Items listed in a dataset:
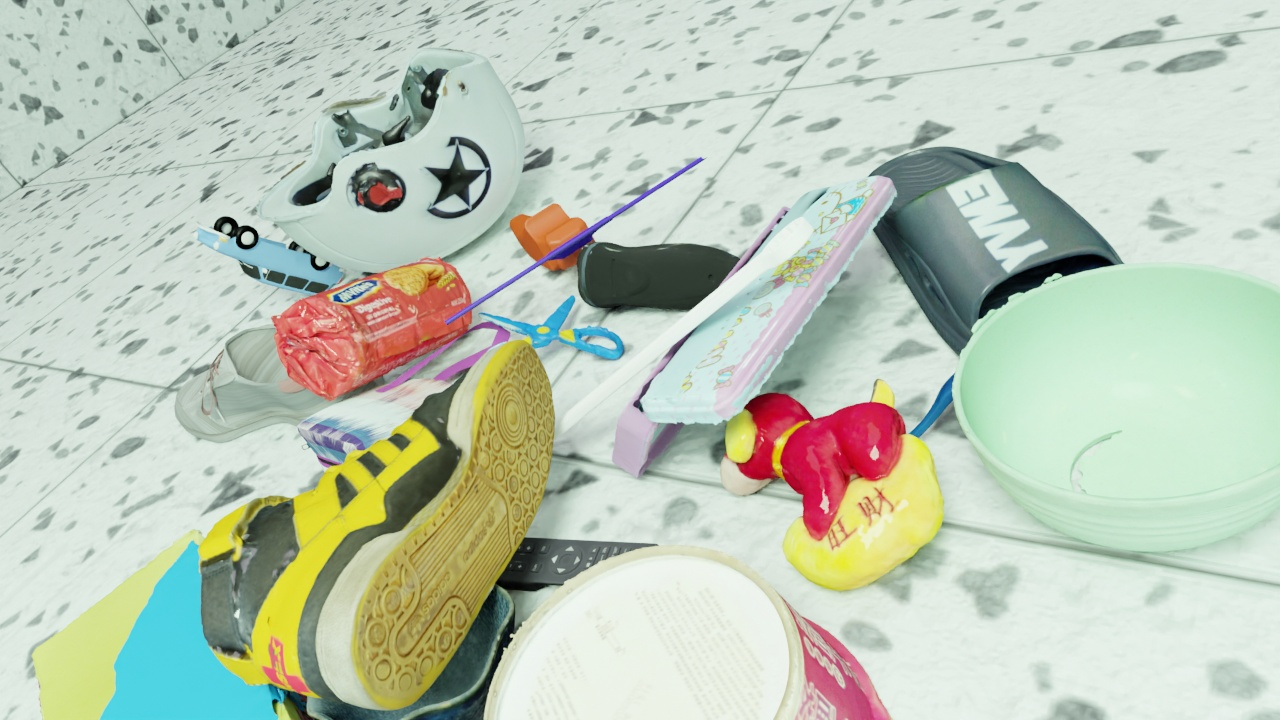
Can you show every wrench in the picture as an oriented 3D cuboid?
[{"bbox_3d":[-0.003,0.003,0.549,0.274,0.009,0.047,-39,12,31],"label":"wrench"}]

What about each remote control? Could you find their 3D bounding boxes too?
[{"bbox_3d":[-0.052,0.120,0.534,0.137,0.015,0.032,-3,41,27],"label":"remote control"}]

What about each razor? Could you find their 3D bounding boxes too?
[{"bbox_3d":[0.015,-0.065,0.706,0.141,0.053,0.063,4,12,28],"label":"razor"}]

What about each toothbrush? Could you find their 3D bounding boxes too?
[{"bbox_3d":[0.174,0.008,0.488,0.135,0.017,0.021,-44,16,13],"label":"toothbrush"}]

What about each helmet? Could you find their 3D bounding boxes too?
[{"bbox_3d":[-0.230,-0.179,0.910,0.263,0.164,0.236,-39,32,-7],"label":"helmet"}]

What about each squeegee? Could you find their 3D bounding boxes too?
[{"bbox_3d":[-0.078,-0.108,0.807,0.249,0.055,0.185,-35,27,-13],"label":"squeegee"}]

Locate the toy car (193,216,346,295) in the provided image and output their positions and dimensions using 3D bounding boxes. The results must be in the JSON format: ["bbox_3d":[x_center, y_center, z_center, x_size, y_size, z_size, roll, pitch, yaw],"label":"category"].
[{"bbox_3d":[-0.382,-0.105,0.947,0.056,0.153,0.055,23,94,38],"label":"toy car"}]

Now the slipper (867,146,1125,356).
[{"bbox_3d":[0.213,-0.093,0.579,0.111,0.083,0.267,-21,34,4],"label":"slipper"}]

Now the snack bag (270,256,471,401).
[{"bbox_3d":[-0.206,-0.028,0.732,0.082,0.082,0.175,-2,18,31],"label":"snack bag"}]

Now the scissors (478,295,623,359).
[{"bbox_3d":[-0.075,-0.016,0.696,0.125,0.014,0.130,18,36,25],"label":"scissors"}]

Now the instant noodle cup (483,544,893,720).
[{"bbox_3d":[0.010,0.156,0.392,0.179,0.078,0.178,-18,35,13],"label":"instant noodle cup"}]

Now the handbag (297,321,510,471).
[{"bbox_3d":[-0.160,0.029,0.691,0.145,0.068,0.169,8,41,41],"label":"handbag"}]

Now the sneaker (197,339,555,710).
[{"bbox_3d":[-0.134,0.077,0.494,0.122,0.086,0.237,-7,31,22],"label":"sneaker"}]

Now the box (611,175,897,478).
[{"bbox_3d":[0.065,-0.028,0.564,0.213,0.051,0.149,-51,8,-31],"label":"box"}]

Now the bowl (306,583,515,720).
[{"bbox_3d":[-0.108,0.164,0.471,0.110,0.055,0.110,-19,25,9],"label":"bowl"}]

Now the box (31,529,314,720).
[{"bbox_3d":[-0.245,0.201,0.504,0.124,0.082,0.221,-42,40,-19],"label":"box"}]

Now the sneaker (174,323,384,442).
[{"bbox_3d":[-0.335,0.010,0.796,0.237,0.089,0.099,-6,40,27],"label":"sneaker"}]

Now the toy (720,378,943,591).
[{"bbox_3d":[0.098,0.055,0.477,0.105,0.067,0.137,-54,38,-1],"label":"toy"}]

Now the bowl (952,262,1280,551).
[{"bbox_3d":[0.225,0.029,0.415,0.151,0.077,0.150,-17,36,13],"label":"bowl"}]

WORK REQUIRED:
Keep every word of the lines above unchanged in the copy, and omit the pictures.

SOLUTION BELOW:
Can you show every wrench in the picture as an oriented 3D cuboid?
[{"bbox_3d":[-0.003,0.003,0.549,0.274,0.009,0.047,-39,12,31],"label":"wrench"}]

What about each remote control? Could you find their 3D bounding boxes too?
[{"bbox_3d":[-0.052,0.120,0.534,0.137,0.015,0.032,-3,41,27],"label":"remote control"}]

What about each razor? Could you find their 3D bounding boxes too?
[{"bbox_3d":[0.015,-0.065,0.706,0.141,0.053,0.063,4,12,28],"label":"razor"}]

What about each toothbrush? Could you find their 3D bounding boxes too?
[{"bbox_3d":[0.174,0.008,0.488,0.135,0.017,0.021,-44,16,13],"label":"toothbrush"}]

What about each helmet? Could you find their 3D bounding boxes too?
[{"bbox_3d":[-0.230,-0.179,0.910,0.263,0.164,0.236,-39,32,-7],"label":"helmet"}]

What about each squeegee? Could you find their 3D bounding boxes too?
[{"bbox_3d":[-0.078,-0.108,0.807,0.249,0.055,0.185,-35,27,-13],"label":"squeegee"}]

Locate the toy car (193,216,346,295) in the provided image and output their positions and dimensions using 3D bounding boxes. The results must be in the JSON format: ["bbox_3d":[x_center, y_center, z_center, x_size, y_size, z_size, roll, pitch, yaw],"label":"category"].
[{"bbox_3d":[-0.382,-0.105,0.947,0.056,0.153,0.055,23,94,38],"label":"toy car"}]

Now the slipper (867,146,1125,356).
[{"bbox_3d":[0.213,-0.093,0.579,0.111,0.083,0.267,-21,34,4],"label":"slipper"}]

Now the snack bag (270,256,471,401).
[{"bbox_3d":[-0.206,-0.028,0.732,0.082,0.082,0.175,-2,18,31],"label":"snack bag"}]

Now the scissors (478,295,623,359).
[{"bbox_3d":[-0.075,-0.016,0.696,0.125,0.014,0.130,18,36,25],"label":"scissors"}]

Now the instant noodle cup (483,544,893,720).
[{"bbox_3d":[0.010,0.156,0.392,0.179,0.078,0.178,-18,35,13],"label":"instant noodle cup"}]

Now the handbag (297,321,510,471).
[{"bbox_3d":[-0.160,0.029,0.691,0.145,0.068,0.169,8,41,41],"label":"handbag"}]

Now the sneaker (197,339,555,710).
[{"bbox_3d":[-0.134,0.077,0.494,0.122,0.086,0.237,-7,31,22],"label":"sneaker"}]

Now the box (611,175,897,478).
[{"bbox_3d":[0.065,-0.028,0.564,0.213,0.051,0.149,-51,8,-31],"label":"box"}]

Now the bowl (306,583,515,720).
[{"bbox_3d":[-0.108,0.164,0.471,0.110,0.055,0.110,-19,25,9],"label":"bowl"}]

Now the box (31,529,314,720).
[{"bbox_3d":[-0.245,0.201,0.504,0.124,0.082,0.221,-42,40,-19],"label":"box"}]

Now the sneaker (174,323,384,442).
[{"bbox_3d":[-0.335,0.010,0.796,0.237,0.089,0.099,-6,40,27],"label":"sneaker"}]

Now the toy (720,378,943,591).
[{"bbox_3d":[0.098,0.055,0.477,0.105,0.067,0.137,-54,38,-1],"label":"toy"}]

Now the bowl (952,262,1280,551).
[{"bbox_3d":[0.225,0.029,0.415,0.151,0.077,0.150,-17,36,13],"label":"bowl"}]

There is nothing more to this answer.